*** Opening of Data for review ***

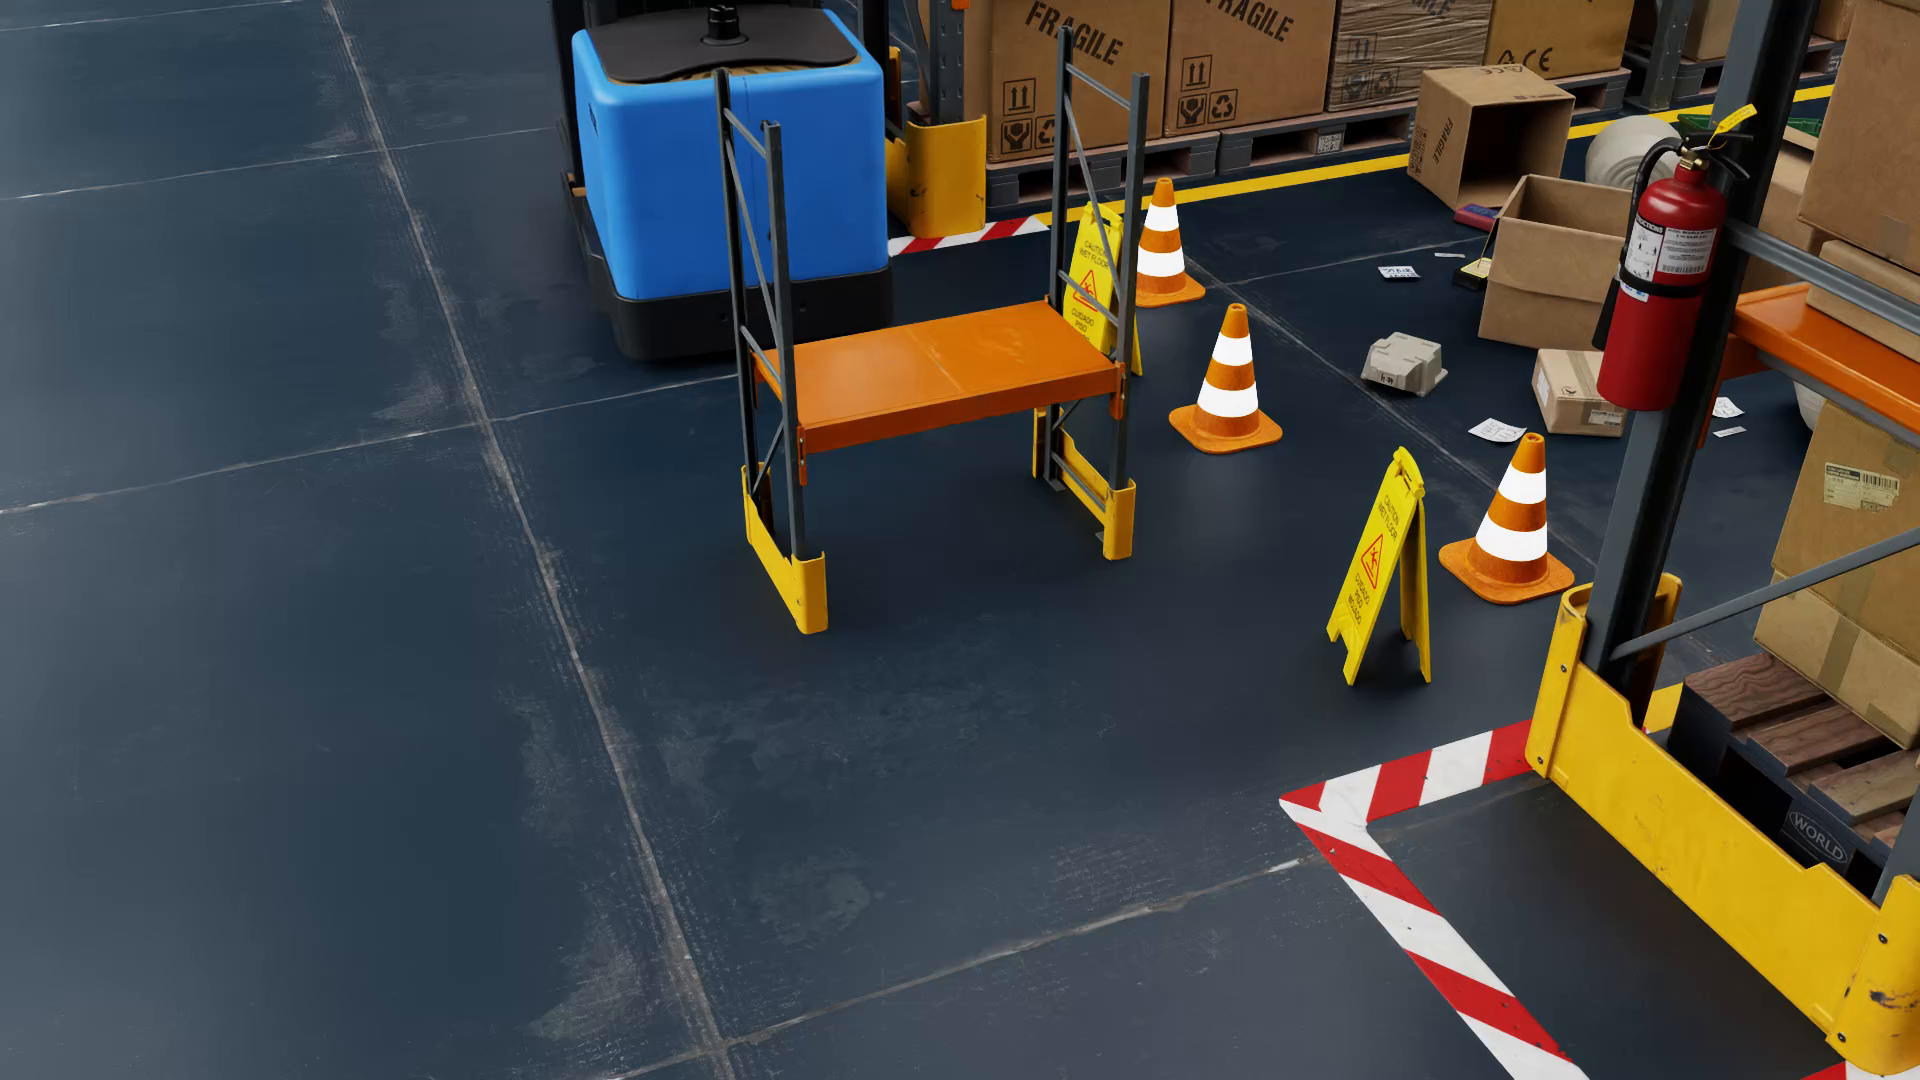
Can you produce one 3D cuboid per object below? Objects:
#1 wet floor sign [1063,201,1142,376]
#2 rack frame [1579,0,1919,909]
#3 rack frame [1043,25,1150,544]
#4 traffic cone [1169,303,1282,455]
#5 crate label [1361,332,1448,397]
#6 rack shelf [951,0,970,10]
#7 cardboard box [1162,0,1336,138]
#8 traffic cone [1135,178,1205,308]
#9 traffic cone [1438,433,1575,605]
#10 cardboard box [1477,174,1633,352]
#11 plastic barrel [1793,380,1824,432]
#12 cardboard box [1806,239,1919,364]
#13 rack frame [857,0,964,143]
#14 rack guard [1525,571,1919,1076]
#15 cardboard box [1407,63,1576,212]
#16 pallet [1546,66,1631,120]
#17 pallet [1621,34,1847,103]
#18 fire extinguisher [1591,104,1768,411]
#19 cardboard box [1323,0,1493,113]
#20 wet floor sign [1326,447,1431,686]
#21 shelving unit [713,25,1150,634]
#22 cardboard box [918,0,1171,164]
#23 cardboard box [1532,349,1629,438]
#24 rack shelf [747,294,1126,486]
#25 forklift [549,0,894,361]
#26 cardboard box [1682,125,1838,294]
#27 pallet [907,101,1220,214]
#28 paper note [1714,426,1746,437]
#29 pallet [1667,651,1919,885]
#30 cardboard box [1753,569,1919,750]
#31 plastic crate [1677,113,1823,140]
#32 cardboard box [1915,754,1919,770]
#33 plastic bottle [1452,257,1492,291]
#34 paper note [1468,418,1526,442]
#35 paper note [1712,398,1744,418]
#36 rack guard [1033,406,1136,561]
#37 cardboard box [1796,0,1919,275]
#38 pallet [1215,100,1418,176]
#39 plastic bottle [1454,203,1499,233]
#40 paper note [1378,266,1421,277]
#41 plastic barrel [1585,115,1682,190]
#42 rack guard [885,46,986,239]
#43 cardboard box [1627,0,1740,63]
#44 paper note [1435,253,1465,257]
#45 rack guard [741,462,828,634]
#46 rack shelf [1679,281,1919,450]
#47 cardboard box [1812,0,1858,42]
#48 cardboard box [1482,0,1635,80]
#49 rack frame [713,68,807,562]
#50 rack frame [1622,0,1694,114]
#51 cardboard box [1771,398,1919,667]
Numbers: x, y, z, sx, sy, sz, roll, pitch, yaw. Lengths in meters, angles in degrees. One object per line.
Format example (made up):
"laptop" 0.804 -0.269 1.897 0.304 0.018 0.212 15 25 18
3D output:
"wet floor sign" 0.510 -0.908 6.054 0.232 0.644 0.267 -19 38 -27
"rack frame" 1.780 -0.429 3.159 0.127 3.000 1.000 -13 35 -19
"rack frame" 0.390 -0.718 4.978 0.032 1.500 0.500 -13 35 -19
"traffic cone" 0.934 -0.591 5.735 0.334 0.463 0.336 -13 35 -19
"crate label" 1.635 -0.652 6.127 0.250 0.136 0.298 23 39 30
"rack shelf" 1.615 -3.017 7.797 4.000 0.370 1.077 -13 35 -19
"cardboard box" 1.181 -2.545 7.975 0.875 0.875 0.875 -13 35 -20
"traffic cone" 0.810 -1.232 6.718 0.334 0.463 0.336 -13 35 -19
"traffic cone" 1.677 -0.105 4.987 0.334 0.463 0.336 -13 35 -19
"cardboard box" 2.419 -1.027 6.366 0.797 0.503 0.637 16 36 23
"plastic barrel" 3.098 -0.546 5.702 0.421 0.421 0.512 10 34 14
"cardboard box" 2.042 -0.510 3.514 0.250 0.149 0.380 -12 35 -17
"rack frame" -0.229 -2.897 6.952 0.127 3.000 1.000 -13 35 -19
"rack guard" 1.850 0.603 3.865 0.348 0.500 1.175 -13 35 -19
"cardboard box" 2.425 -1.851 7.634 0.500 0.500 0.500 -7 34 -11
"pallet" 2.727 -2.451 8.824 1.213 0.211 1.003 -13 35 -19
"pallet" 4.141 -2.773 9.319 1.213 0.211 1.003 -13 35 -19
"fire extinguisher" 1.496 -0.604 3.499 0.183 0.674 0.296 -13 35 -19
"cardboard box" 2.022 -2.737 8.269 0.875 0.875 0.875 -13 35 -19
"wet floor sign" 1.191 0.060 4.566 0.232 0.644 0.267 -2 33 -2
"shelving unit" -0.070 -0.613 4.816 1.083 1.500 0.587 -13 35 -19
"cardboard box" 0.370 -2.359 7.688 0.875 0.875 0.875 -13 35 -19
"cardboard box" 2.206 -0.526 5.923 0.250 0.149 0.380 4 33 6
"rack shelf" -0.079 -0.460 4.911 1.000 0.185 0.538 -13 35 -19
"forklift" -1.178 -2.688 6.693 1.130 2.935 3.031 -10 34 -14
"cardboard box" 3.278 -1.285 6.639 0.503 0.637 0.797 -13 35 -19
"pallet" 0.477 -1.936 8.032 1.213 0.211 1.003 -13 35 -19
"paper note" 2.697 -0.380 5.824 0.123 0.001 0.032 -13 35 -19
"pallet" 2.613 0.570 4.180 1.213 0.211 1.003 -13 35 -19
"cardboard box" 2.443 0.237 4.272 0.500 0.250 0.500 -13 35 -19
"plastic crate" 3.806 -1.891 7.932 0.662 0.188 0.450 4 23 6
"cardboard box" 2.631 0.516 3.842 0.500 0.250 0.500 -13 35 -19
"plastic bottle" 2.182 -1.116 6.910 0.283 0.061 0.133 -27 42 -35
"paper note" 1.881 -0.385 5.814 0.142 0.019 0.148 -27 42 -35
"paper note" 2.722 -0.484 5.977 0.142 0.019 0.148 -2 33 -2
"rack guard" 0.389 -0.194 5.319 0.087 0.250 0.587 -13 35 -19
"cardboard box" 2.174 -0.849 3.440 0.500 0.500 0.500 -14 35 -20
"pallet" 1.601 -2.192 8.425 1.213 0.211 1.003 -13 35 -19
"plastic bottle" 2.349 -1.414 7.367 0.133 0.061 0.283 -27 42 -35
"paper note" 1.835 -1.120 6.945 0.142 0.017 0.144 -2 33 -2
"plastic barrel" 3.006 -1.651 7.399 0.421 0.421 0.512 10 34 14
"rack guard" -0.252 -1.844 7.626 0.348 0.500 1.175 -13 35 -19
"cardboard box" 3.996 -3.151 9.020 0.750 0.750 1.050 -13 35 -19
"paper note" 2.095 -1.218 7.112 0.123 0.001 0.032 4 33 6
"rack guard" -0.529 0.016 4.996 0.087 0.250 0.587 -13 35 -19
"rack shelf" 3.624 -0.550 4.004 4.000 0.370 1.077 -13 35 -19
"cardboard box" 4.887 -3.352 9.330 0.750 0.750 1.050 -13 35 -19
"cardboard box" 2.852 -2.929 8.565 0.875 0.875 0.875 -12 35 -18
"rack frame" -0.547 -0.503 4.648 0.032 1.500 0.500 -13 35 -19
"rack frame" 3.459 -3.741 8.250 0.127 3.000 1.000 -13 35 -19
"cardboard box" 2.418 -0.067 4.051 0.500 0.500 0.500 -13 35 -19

*** Close of Data for review ***

Transcribe exactly and only the lines from the top of the records through the line containing "#14 rack guard [1525,571,1919,1076]", inclusive, and do not copy the pictures.

• [Response box]
Can you produce one 3D cuboid per object below? Objects:
#1 wet floor sign [1063,201,1142,376]
#2 rack frame [1579,0,1919,909]
#3 rack frame [1043,25,1150,544]
#4 traffic cone [1169,303,1282,455]
#5 crate label [1361,332,1448,397]
#6 rack shelf [951,0,970,10]
#7 cardboard box [1162,0,1336,138]
#8 traffic cone [1135,178,1205,308]
#9 traffic cone [1438,433,1575,605]
#10 cardboard box [1477,174,1633,352]
#11 plastic barrel [1793,380,1824,432]
#12 cardboard box [1806,239,1919,364]
#13 rack frame [857,0,964,143]
#14 rack guard [1525,571,1919,1076]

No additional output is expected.